Throwing himself forward, he drove the shovel into the door. The wood deflected the blade and it slashed down across the door
panel, the sound grating in his ears like a shriek. In his mind rose the picture of a man’s visage, eyes broad with terror,
blood welling out of an open gash. He struck the door again, along the edge now, and felt the latch snap, the door slam inward,
the wind sweeping him into the room in a wild rage.

The candles guttered and went out. Moonlight glittered on a rustling vortex of leaves that tore through the room, the silver
light shining on Lewis’s face, betraying the craven terror in his eyes. Esther was a dark shadow above a dim white blanket.
His mind veered away from her, flickering with staccato images like the stuttering frames in an antique movie: the quick,
narrow vision of a face rushing toward him down a tunnel; the moving hands of two card players at a moonlit table; a dead
cat in the bottom of a box; a wooden flute lying on the cracked tiles of a fireplace hearth; a narrow, rock-walled, night-dark
canyon alive with the rush of water and wind; two broken shadows in a pool of moonlit water….
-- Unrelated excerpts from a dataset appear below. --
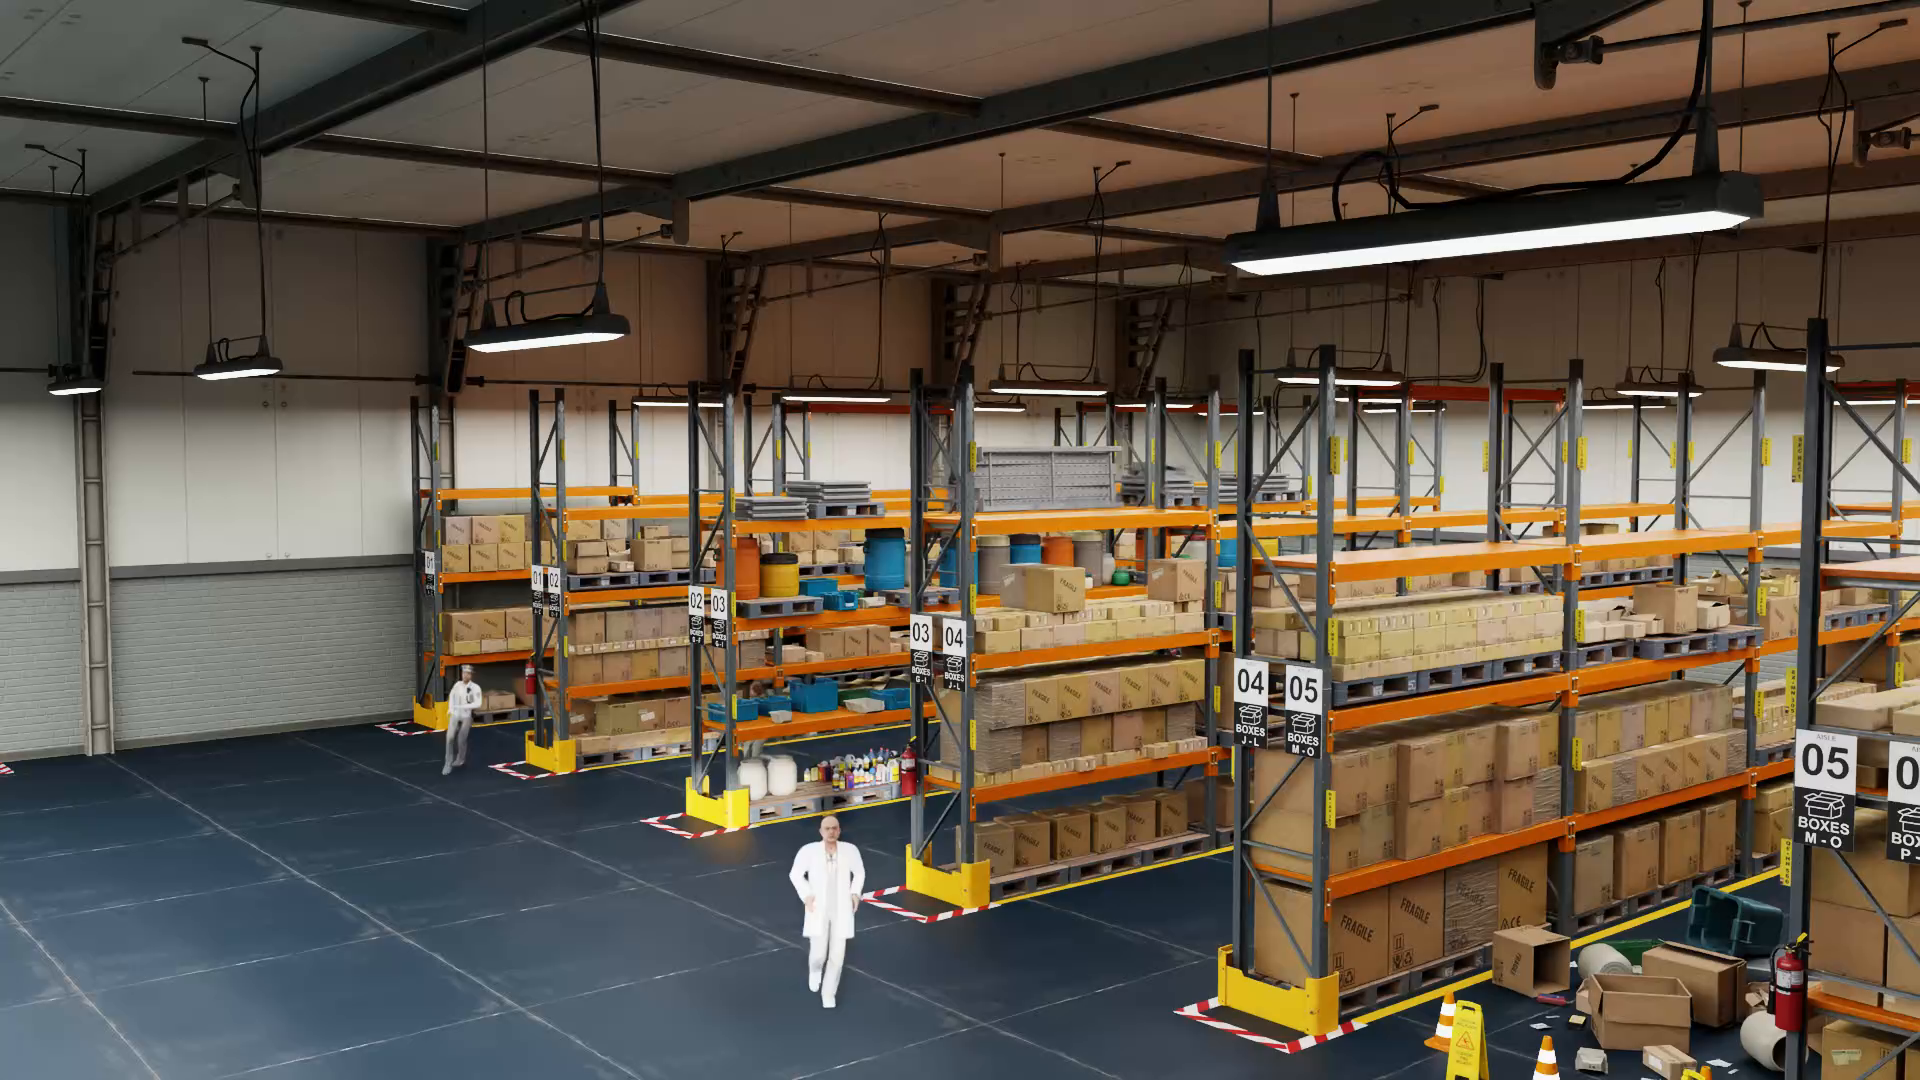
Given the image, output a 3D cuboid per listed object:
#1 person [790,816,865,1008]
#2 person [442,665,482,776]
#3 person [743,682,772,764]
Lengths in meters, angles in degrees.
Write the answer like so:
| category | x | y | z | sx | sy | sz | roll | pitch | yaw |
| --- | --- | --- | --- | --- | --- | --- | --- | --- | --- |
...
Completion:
| category | x | y | z | sx | sy | sz | roll | pitch | yaw |
| --- | --- | --- | --- | --- | --- | --- | --- | --- | --- |
| person | -1.202 | 3.392 | 15.274 | 0.694 | 1.730 | 0.633 | -1 | 3 | -12 |
| person | -7.775 | 2.787 | 26.027 | 0.598 | 1.685 | 0.725 | 0 | 3 | 1 |
| person | -3.012 | 2.911 | 24.955 | 0.637 | 1.568 | 0.555 | -3 | 5 | -42 |

He reeled forward, gripped by the sudden throat-seizing fear of falling, overwhelmed with the anguished knowledge of who lay
dead or dying in that black pool. He reached out to grip the corners of the table before him, saw playing cards spinning past
far below in a dark void. “Peter …” He heard her whisper, knew her voice….

And a shadow moved away from him like a torn-off shred of darkness. He staggered back, released suddenly by the wind, and
through the litter of leaves and dust he saw the dark figure of a man—separate from him now—raise the shovel into the air.
He heard the woman scream and the groan of effort from the man’s throat as the shovel hatcheted downward….
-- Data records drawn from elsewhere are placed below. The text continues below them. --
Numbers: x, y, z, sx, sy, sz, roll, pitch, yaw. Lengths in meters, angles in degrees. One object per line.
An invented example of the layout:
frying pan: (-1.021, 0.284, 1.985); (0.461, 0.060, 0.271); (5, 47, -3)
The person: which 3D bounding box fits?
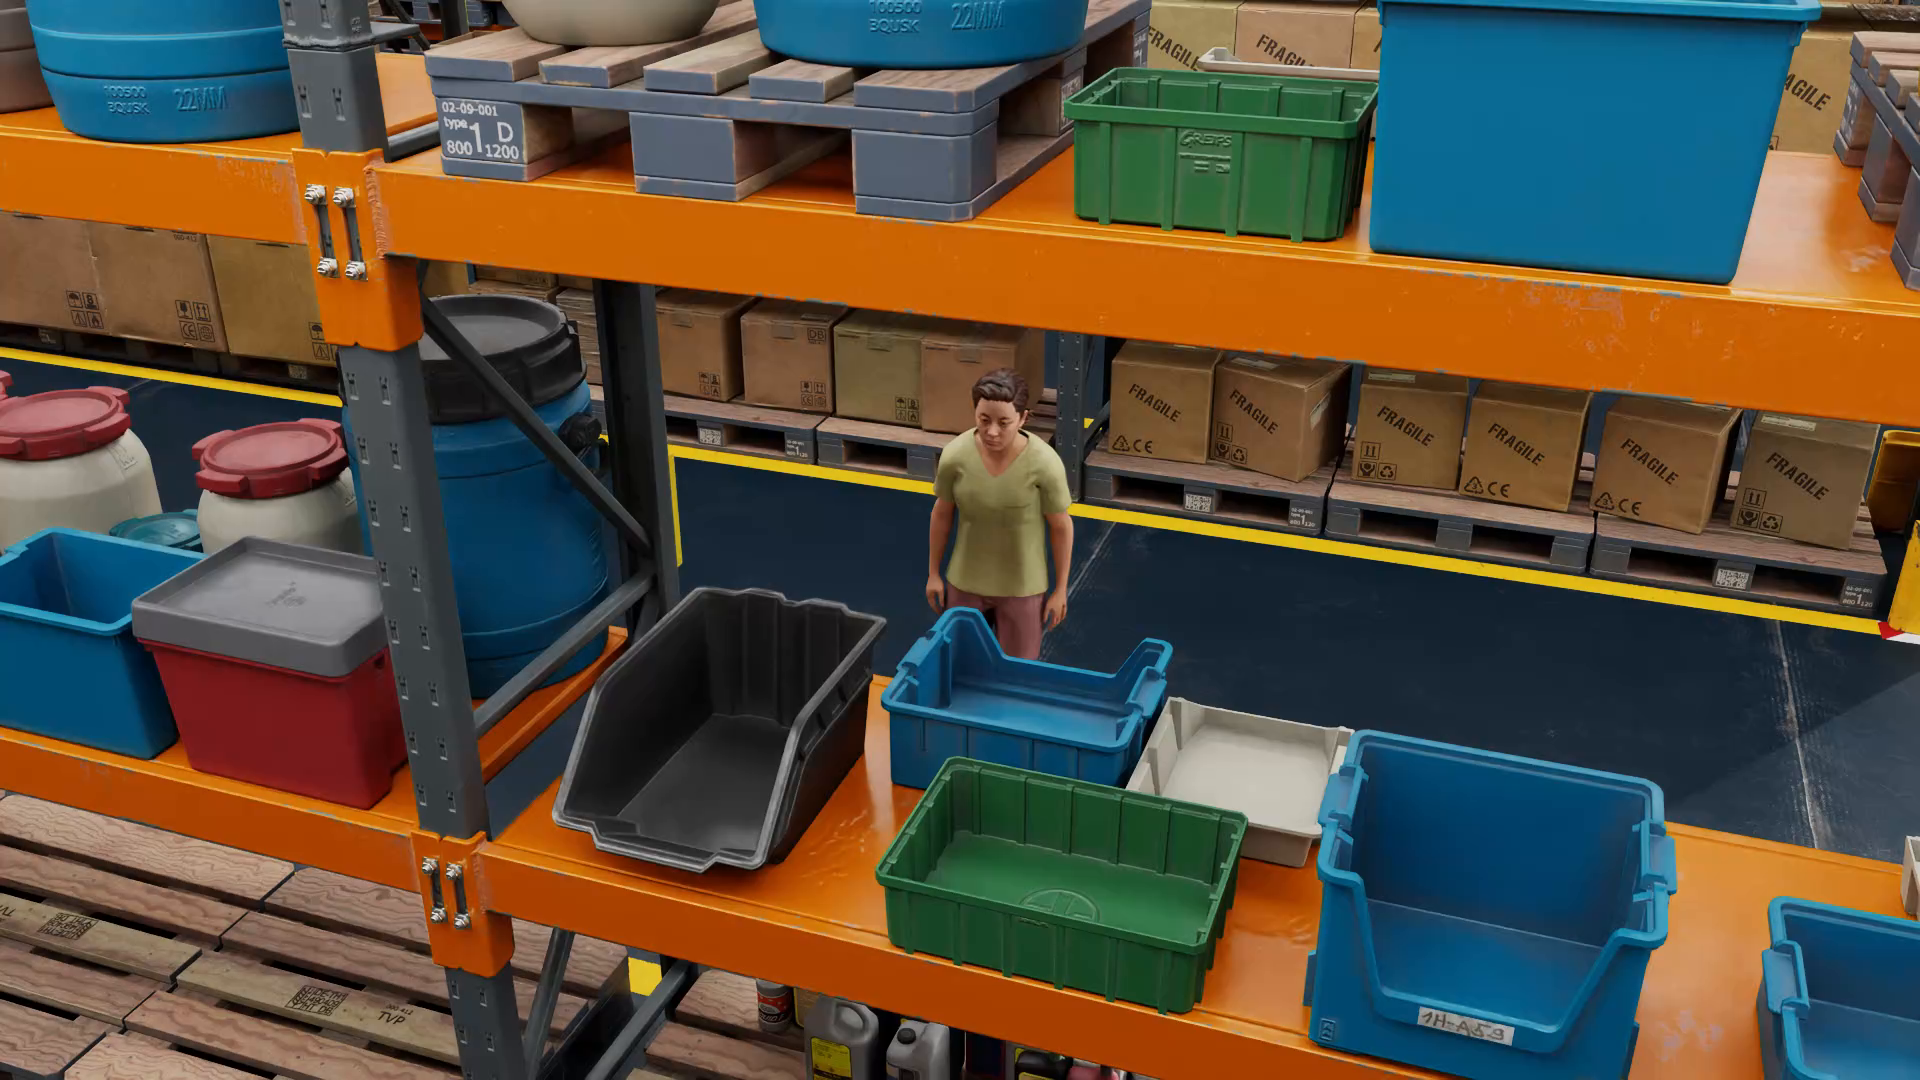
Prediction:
person: (0.110, 0.193, 5.715); (0.519, 1.671, 0.417); (7, 27, 14)

He turned and plunged out through the open door, into the night, nearly stumbling into the leaf-choked swimming pool. He looked
around with the wild, empty fear of a suddenly awakened sleepwalker, hearing the sound of a woman’s scream tear through the
wild night air. An empty chaise longue, propelled by the wind, skidded toward him across the concrete deck, spinning around
and dropping into the pool, and he could hear the clicking and husking of dry sycamore leaves as they blew against the wrought-iron
palings, gripping the black metal like paper hands.

Abruptly he knew where he was—the dark, rocky hills rising behind him, cut with the black ribbon of the ridge trail. He saw
movement in the lighted window next door—Beth, her kitchen window. He was suddenly conscious of the weight of the shovel
in his hands. The poolhouse door slammed shut behind him and then blew open again, and he saw the long scar in the white paint.
He threw the shovel down and sprinted toward the fence, leaping up and grabbing the redwood boards and propelling himself
upward, feeling the fence shudder as he boosted himself over with his elbows, a splinter of wood scraping his cheek.

Something exploded behind him like the crack of a firecracker, and he threw his hands over his head even as his
feet jarred with the impact of hitting the ground. Gunfire! They were
shooting
at him! He crouched down and sprinted across the leaf-strewn lawn toward the back porch, praying that the door would be unlocked.

32

W
HEN SHE SAW THE MAN WITH THE SHOVEL,
L
ORNA
ducked back out of sight behind the drape, throwing her hand to her mouth. He was half-obscured by windblown leaves and dust,
but he clearly wasn’t the man who’d been over to see Lance that morning. A jealous husband? In a sudden panic she turned toward
the bedroom. The wind howled outside with a power that nearly took her breath away, and a hailstorm of leaves and twigs pelted
the doors and screens. There was a fearful pounding just then, like someone breaking down a wall, and she looked out just
as the poolhouse door slammed inward, the man with the shovel silhouetted against the darkened interior. She saw him raise
the shovel with both hands and heard simultaneously a woman’s scream and the hoarse shouting of a man’s voice.